■ **EXERCISE AIM**
Output exactly, and only, the lines below from the one with "List of wall" down to the one with "Labels for a". Include both end lines and no pictures.
MATERIAL TO PROCESS Block Start
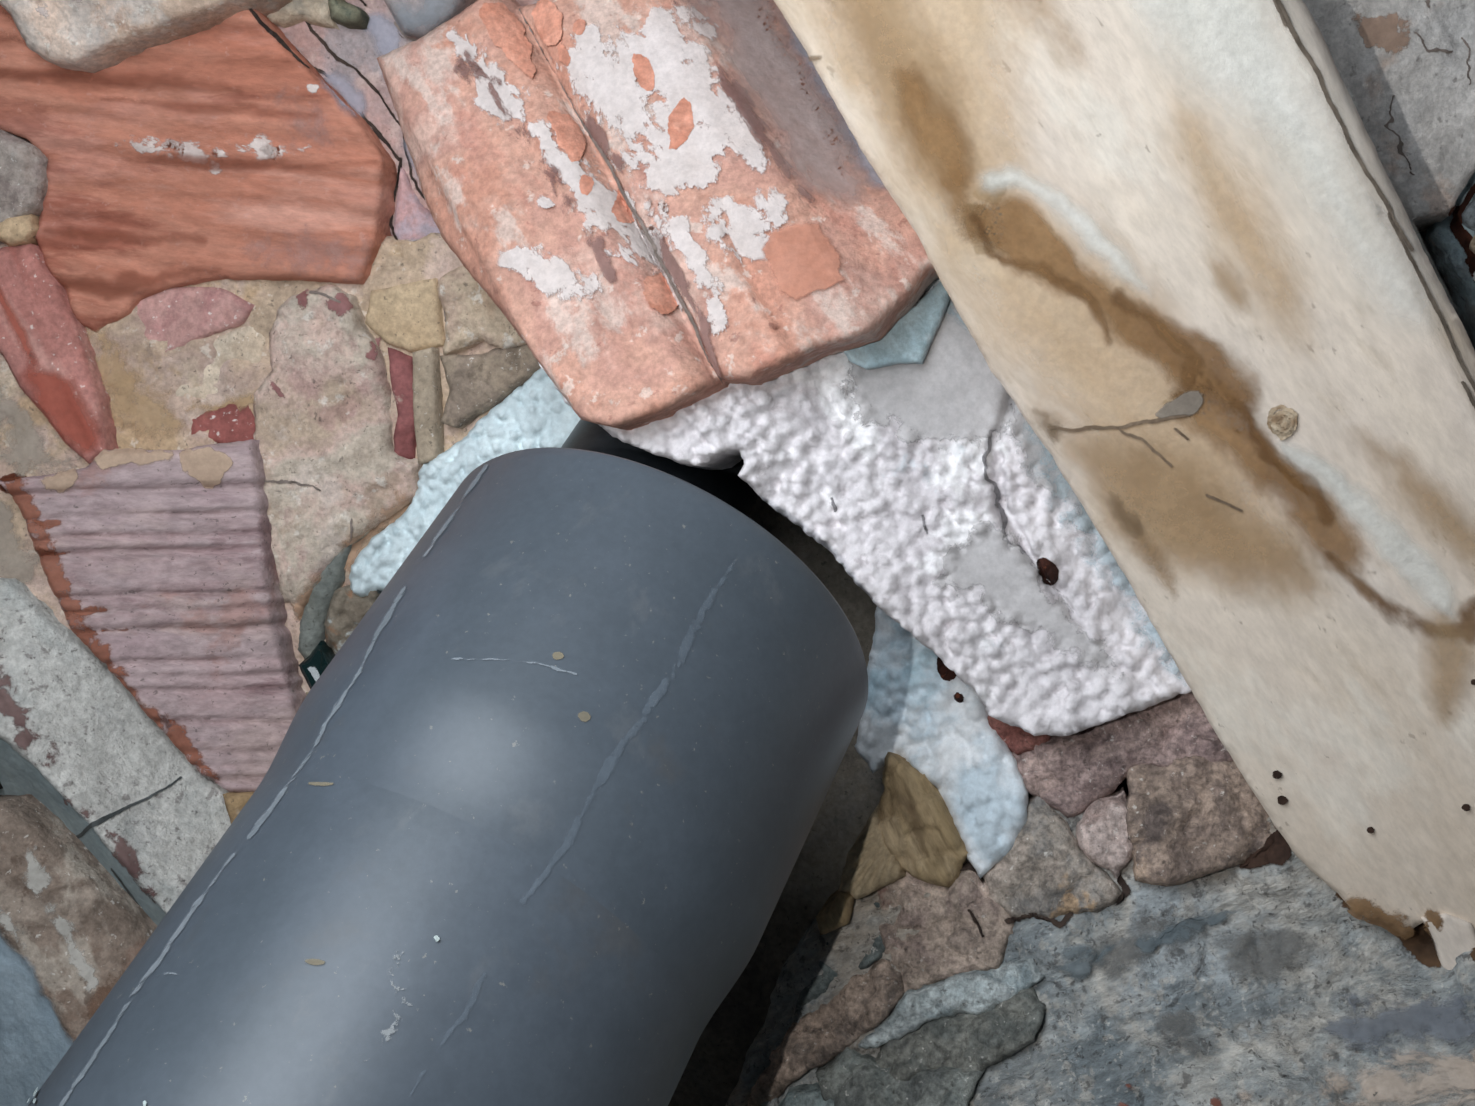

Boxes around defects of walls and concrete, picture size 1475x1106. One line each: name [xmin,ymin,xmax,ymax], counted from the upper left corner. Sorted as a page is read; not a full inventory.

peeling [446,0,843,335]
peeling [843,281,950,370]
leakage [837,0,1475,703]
MATERIAL TO PROCESS Block End
MATERIAL TO PROCESS Block Start
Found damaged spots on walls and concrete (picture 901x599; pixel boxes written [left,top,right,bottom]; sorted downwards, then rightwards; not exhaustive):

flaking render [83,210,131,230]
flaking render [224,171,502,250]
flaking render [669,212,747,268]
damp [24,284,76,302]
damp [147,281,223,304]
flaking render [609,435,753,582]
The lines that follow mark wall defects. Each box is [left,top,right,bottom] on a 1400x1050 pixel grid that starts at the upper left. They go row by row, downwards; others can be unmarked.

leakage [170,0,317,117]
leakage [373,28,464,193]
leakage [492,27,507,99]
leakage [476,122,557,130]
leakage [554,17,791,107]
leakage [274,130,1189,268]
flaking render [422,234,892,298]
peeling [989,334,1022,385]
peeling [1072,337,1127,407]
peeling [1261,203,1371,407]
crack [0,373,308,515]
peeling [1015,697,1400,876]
MATERIAL TO PROCESS Block End
MATERIAL TO PROCESS Block Start
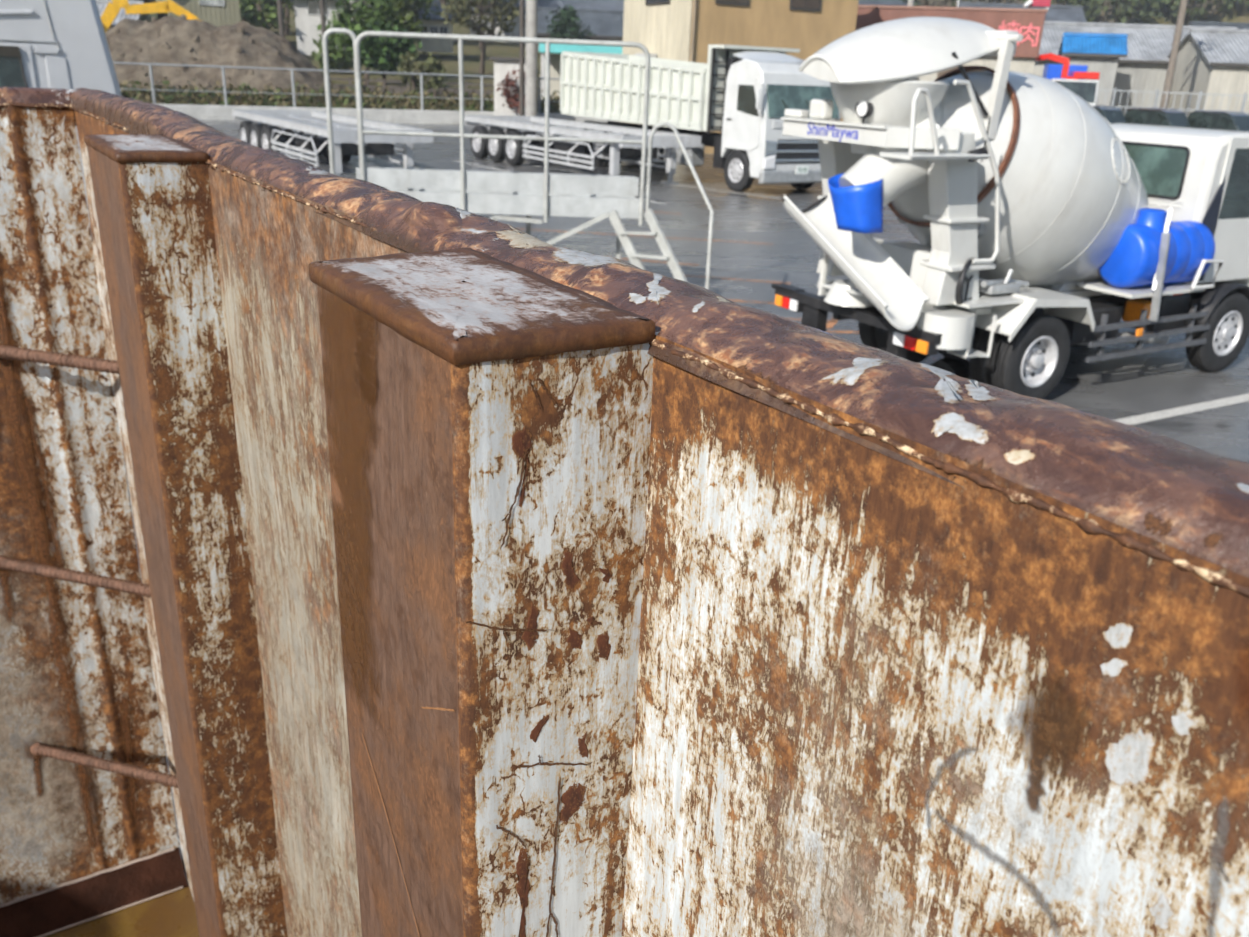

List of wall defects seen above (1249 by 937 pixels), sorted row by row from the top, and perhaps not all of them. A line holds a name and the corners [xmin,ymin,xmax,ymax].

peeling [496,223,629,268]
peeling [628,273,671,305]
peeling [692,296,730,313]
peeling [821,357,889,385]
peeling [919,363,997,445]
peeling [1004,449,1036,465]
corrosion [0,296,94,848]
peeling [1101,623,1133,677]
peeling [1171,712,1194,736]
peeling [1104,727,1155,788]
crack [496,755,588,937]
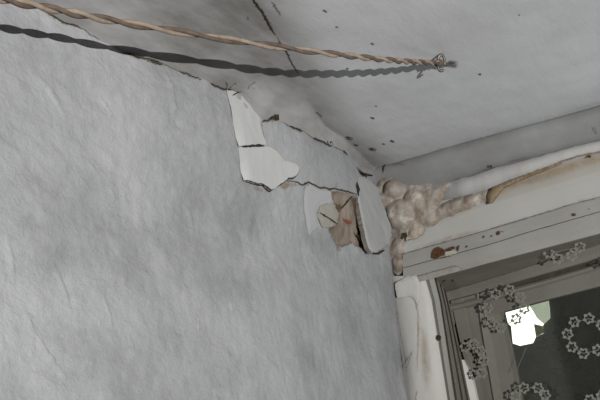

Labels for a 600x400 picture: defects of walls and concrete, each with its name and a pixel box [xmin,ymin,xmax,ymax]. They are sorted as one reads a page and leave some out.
MATERIAL TO PROCESS Block End
■ **OUTPUT BELOW**
List of wall defects seen above (1249 by 937 pixels), sorted row by row from the top, and perhaps not all of them. A line holds a name and the corners [xmin,ymin,xmax,ymax].

peeling [496,223,629,268]
peeling [628,273,671,305]
peeling [692,296,730,313]
peeling [821,357,889,385]
peeling [919,363,997,445]
peeling [1004,449,1036,465]
corrosion [0,296,94,848]
peeling [1101,623,1133,677]
peeling [1171,712,1194,736]
peeling [1104,727,1155,788]
crack [496,755,588,937]

Labels for a 600x400 picture: defects of walls and concrete, each with its name and a pixel box [xmin,ymin,xmax,ymax]. They are sorted as one reads a page and leave some out.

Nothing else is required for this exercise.